Abstract:
Background: Recombinant myofibril-bound serine proteinase (rMBSP) was successfully expressed in Pichia pastoris GS115 in our laboratory. However, low production of rMBSP in shake flask constraints further exploration of properties.
Methods: A 5-L high cell density fermentation was performed and the fermentation medium was optimized. Response surface methodology (RSM) was used to optimize the culture condition through modeling three selected parameter.
Results: Under the optimized culture medium (LBSM, 1% yeast powder and 1% peptone) and culture conditions (induction pH 5.5, temperature 29 °C, time 40 h), the yield of rMBSP was 420 mg/L in a 5-L fermenter, which was a 6-fold increase over thar, expressed in flask cultivation. The desired enzyme was purified by two-step, which yielded a 33.7% recovery of a product that had over 85% purity. The activity of purified rMBSP was significantly inhibited by Ca2+, Mg2+, SDS, guanidine hydrochloeide, acetone, isopropanol, chloroform, n-hexane and n-heptane. Enzymatic analysis revealed a Km of 2.89 ± 0.09 μM and a Vmax of 14.20 ± 0.12 nM•min-1 for rMBSP. LC-MS/MS analysis demonstrated the specific cleavage of bovine serum albumin by rMPSP.
Conclusion: These findings suggest that rMPSP has potential as a valuable enzyme for protein science research.
Methods: A 5-L high cell density fermentation was performed and the fermentation medium was optimized. Response surface methodology (RSM) was used to optimize the culture condition through modeling three selected parameter.
Results: Under the optimized culture medium (LBSM, 1% yeast powder and 1% peptone) and culture conditions (induction pH 5.5, temperature 29 °C, time 40 h), the yield of rMBSP was 420 mg/L in a 5-L fermenter, which was a 6-fold increase over thar, expressed in flask cultivation. The desired enzyme was purified by two-step, which yielded a 33.7% recovery of a product that had over 85% purity. The activity of purified rMBSP was significantly inhibited by Ca2+, Mg2+, SDS, guanidine hydrochloeide, acetone, isopropanol, chloroform, n-hexane and n-heptane. Enzymatic analysis revealed a Km of 2.89 ± 0.09 μM and a Vmax of 14.20 ± 0.12 nM•min-1 for rMBSP. LC-MS/MS analysis demonstrated the specific cleavage of bovine serum albumin by rMPSP.

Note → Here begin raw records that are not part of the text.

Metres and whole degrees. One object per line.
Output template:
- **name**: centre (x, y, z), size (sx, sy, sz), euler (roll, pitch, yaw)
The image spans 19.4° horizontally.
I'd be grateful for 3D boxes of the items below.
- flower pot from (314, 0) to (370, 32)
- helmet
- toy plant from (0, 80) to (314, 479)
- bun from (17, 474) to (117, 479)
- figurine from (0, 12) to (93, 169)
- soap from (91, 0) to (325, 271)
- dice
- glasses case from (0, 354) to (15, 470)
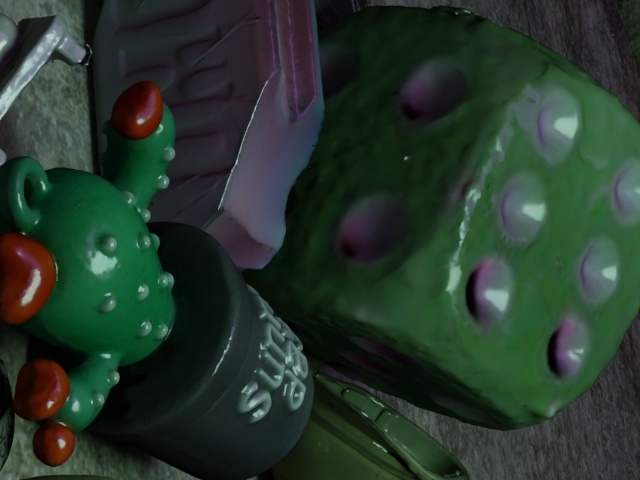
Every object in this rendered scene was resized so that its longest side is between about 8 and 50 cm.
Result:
- **flower pot**: centre (-0.040, -0.265, 1.906), size (0.235, 0.141, 0.235), euler (35, 51, -57)
- **helmet**: centre (0.015, 0.215, 1.815), size (0.137, 0.204, 0.257), euler (-53, 134, 2)
- **toy plant**: centre (-0.149, 0.049, 1.474), size (0.279, 0.185, 0.400), euler (-56, 144, -9)
- **bun**: centre (-0.192, 0.334, 1.197), size (0.364, 0.202, 0.364), euler (32, 51, -48)
- **figurine**: centre (-0.297, -0.179, 1.361), size (0.256, 0.182, 0.144), euler (51, -6, -33)
- **soap**: centre (-0.102, -0.135, 1.662), size (0.109, 0.193, 0.323), euler (16, 66, -60)
- **dice**: centre (0.118, -0.018, 1.807), size (0.318, 0.330, 0.322), euler (37, 72, -45)
- **glasses case**: centre (-0.311, 0.148, 1.231), size (0.355, 0.085, 0.137), euler (-40, 117, -62)
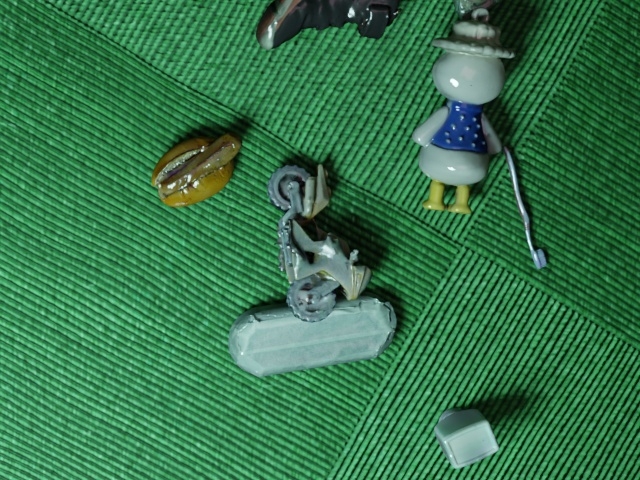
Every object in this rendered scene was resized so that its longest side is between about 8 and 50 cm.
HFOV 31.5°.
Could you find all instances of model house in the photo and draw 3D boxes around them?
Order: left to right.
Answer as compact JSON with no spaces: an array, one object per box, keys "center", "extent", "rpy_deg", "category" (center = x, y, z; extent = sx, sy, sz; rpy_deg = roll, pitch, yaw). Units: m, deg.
[{"center":[0.225,-0.361,1.617],"extent":[0.079,0.066,0.083],"rpy_deg":[-20,99,-1],"category":"model house"}]

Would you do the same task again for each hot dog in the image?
[{"center":[-0.172,-0.102,1.609],"extent":[0.140,0.060,0.089],"rpy_deg":[-24,102,-6],"category":"hot dog"}]

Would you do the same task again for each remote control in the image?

Conclusion: These findings suggest that rMPSP has potential as a valuable enzyme for protein science research.
摘要:
背景:重组肌原纤维结合丝氨酸蛋白酶(rMBSP)在毕赤酵母GS115中成功表达。然而,摇瓶中rMBSP的低产量限制了对性能的进一步探索。

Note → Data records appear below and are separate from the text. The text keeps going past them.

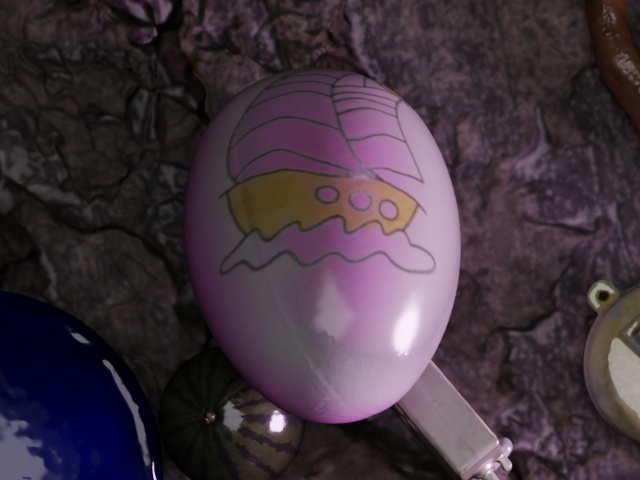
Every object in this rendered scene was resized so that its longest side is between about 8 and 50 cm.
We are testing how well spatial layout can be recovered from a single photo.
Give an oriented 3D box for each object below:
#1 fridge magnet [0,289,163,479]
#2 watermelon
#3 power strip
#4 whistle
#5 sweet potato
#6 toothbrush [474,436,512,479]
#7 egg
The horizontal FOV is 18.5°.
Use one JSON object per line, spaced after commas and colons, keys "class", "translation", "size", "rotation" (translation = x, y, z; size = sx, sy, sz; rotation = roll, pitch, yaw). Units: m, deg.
{"class": "fridge magnet", "translation": [-0.243, 0.166, 1.386], "size": [0.265, 0.112, 0.265], "rotation": [0, 86, -3]}
{"class": "watermelon", "translation": [-0.065, 0.125, 1.388], "size": [0.105, 0.133, 0.105], "rotation": [-2, 81, 12]}
{"class": "power strip", "translation": [0.094, 0.139, 1.406], "size": [0.042, 0.075, 0.175], "rotation": [-39, 74, -5]}
{"class": "whistle", "translation": [0.289, 0.125, 1.436], "size": [0.126, 0.067, 0.258], "rotation": [-44, 91, -4]}
{"class": "sweet potato", "translation": [0.237, -0.126, 1.464], "size": [0.050, 0.050, 0.214], "rotation": [-27, 81, -4]}
{"class": "toothbrush", "translation": [0.039, 0.249, 1.438], "size": [0.286, 0.020, 0.025], "rotation": [-44, 95, -4]}
{"class": "egg", "translation": [0.000, 0.000, 1.343], "size": [0.196, 0.271, 0.196], "rotation": [1, 125, 1]}

方法:进行5-L高细胞密度发酵并优化发酵培养基。响应面法(RSM)用于通过建模三个选定的参数来优化培养条件。
结果:在优化的培养基(LBSM,1%酵母粉和1%蛋白胨)和培养条件(诱导pH5.5,温度29°C,时间40小时),在5升发酵罐中,rMBSP的产量为420毫克/升,比塔尔增加了6倍,在烧瓶培养中表达。通过两步纯化所需的酶,其产生具有超过85%纯度的产品的33.7%回收率。纯化的rMBSP的活性被Ca2+显著抑制,Mg2+,SDS,盐酸胍,丙酮,异丙醇,氯仿,正己烷和正庚烷。酶分析显示rMBSP的Km为2.89±0.09μM,Vmax为14.20±0.12nM•min-1。LC-MS/MS分析表明rMPSP对牛血清白蛋白的特异性裂解。
结论:这些发现表明rMPSP具有作为蛋白质科学研究有价值的酶的潜力。
方法:进行5-L高细胞密度发酵并优化发酵培养基。响应面法(RSM)用于通过建模三个选定的参数来优化培养条件。

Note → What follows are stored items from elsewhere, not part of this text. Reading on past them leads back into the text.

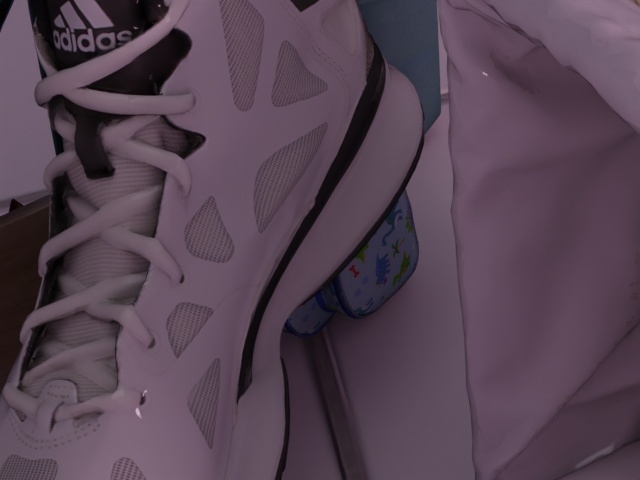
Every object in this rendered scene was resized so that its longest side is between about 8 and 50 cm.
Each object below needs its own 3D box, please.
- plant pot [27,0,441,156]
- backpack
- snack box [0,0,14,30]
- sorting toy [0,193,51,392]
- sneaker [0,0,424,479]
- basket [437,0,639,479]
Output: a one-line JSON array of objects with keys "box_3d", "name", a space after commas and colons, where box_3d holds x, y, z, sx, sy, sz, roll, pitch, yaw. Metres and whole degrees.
[{"box_3d": [-0.042, -0.106, 1.095, 0.234, 0.166, 0.165, -26, 38, -29], "name": "plant pot"}, {"box_3d": [0.000, 0.000, 0.983, 0.084, 0.105, 0.114, 20, 49, 37], "name": "backpack"}, {"box_3d": [-0.264, -0.021, 0.935, 0.060, 0.322, 0.187, 28, 40, -8], "name": "snack box"}, {"box_3d": [-0.175, 0.037, 0.961, 0.274, 0.132, 0.046, -26, 36, -18], "name": "sorting toy"}, {"box_3d": [-0.111, -0.010, 0.775, 0.169, 0.257, 0.447, 1, 48, 32], "name": "sneaker"}, {"box_3d": [0.242, 0.048, 0.671, 0.266, 0.331, 0.328, -19, 36, -19], "name": "basket"}]
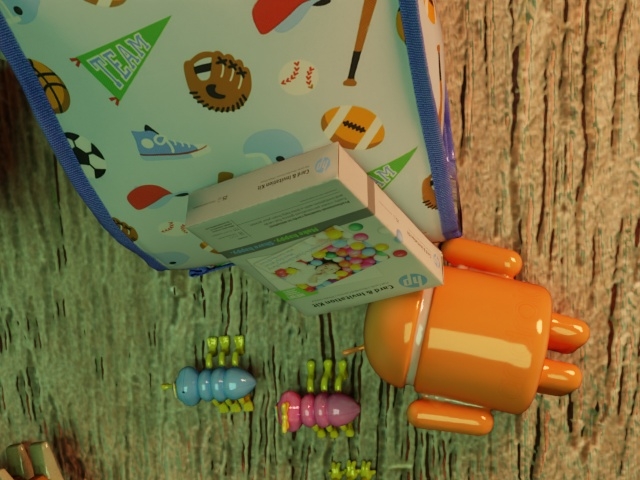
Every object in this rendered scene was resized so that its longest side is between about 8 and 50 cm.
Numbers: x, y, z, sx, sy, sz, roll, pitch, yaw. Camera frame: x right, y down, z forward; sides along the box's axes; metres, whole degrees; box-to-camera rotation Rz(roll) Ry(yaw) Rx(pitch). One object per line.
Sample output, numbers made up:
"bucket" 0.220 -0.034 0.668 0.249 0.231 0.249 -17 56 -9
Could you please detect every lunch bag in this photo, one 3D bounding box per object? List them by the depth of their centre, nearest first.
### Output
"lunch bag" -0.054 -0.136 0.751 0.328 0.238 0.385 -7 130 13

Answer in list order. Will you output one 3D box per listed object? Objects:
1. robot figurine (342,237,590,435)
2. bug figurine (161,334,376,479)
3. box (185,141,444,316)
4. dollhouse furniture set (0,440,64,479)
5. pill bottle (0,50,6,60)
"robot figurine" 0.137 0.089 0.815 0.220 0.128 0.158 11 114 8
"bug figurine" -0.049 0.237 0.904 0.216 0.072 0.278 -9 97 13
"box" 0.000 0.000 0.726 0.145 0.186 0.038 -16 56 27
"dollhouse furniture set" -0.417 0.348 0.920 0.259 0.262 0.135 -20 98 48
"pill bottle" -0.253 -0.273 0.839 0.118 0.117 0.208 20 103 8

结果:在优化的培养基(LBSM,1%酵母粉和1%蛋白胨)和培养条件(诱导pH5.5,温度29°C,时间40小时),在5升发酵罐中,rMBSP的产量为420毫克/升,比塔尔增加了6倍,在烧瓶培养中表达。通过两步纯化所需的酶,其产生具有超过85%纯度的产品的33.7%回收率。纯化的rMBSP的活性被Ca2+显著抑制,Mg2+,SDS,盐酸胍,丙酮,异丙醇,氯仿,正己烷和正庚烷。酶分析显示rMBSP的Km为2.89±0.09μM,Vmax为14.20±0.12nM•min-1。LC-MS/MS分析表明rMPSP对牛血清白蛋白的特异性裂解。
结论:这些发现表明rMPSP具有作为蛋白质科学研究有价值的酶的潜力。